Besides the label of being an OTC stock there are several disadvantages for a company such as IMUC that does not trade on one of the larger exchanges. For one, many institutional investors are restricted from an OTC stock. A common trend among institutional investors, money managers, and funds alike is index investing and to chase milestones during this volatile economy. For example, a money manager may buy into funds that mimic the performance of the S&P 500 (SPY) or an industry such as biotechnology, in order to perform with an industry. This has become a common trend among money managers due to the effects of a sideways and very volatile market. Yet because IMUC is an OTC stock it is not included in any of these funds and misses out on the additional value that being included within an index could provide.
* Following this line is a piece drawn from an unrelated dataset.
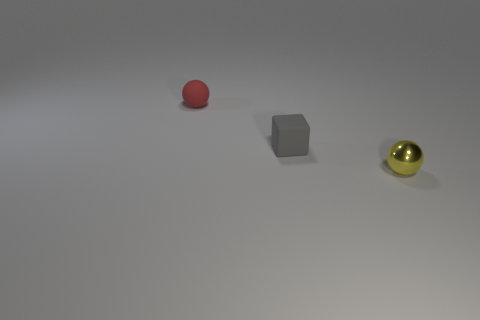Add 3 big yellow matte cylinders. How many objects exist? 6 Subtract all cubes. How many objects are left? 2 Add 1 small blue metallic spheres. How many small blue metallic spheres exist? 1 Subtract 0 purple spheres. How many objects are left? 3 Subtract all small blocks. Subtract all small matte blocks. How many objects are left? 1 Add 3 tiny gray rubber blocks. How many tiny gray rubber blocks are left? 4 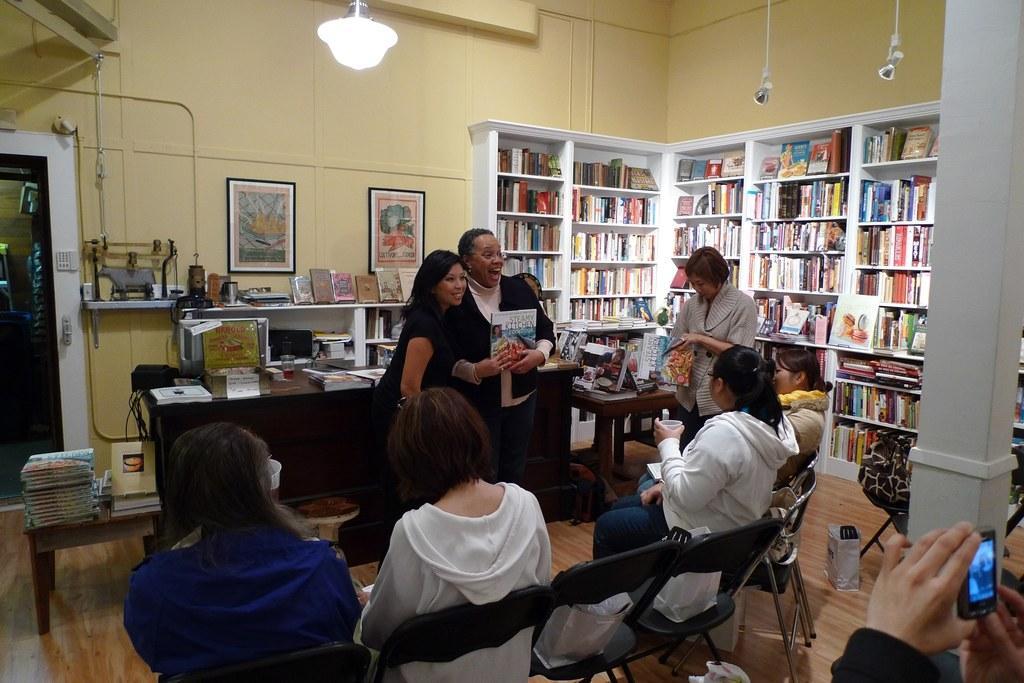Could you give a brief overview of what you see in this image? In this picture I can observe some people in this room. Some of them are sitting on the chairs. I can observe a light hanging to the ceiling on the top of the picture. On the right side there is a bookshelf. In the background I can observe some photo frames on the wall.

The most popular small-cap index is perhaps the Russell 2000 (IWM). This index is widely regarded as one of the best because it provides value in both capital and recognition to be involved with the index. Yet despite the fact that IMUC may be one of the better small-cap investments, it is not eligible for such an opportunity of being included in the index because of it being an OTC stock. However, IMUC's likely listing to a larger exchange in the near future may be perfect timing for the company to be included in an index such as the Russell 2000. The Russell 2000 is balancing this summer, and if IMUC has a market cap that exceeds $130 million then it has a good shot at being included (last year the smallest company was about $130 million).
The possibilities for IMUC and current investors if the company is listed on a large exchange are seemingly limitless. Obviously, I don't know for sure, but I have to believe that this is a company that funds and large investors would be willing to buy because of its low valuation and early results that cannot be denied. Some individual investors cannot buy IMUC because of restrictions with their online brokerage firm. And like I said, some investors who use professionals may not have access due to the limitations of the firm. Therefore, the fact that it has posted a year-to-date gain of 100%, despite such limitations, is incredible and further speaks to the level of optimism surrounding the company. This is a company with early results that cannot be questioned, and I imagine that if it announces a listing on a large exchange it could lead to large gains and a significant amount of interest among institutional investors. Therefore, I think it's a stock worth watching over the next few weeks, because it seems logical that with the company meeting all noticeable requirements that it would want to make the change as soon as possible.
Disclaimer: The information in this article is speculative and is the opinions of only the author. No investment decisions should be determined by this article alone, more due diligence is required.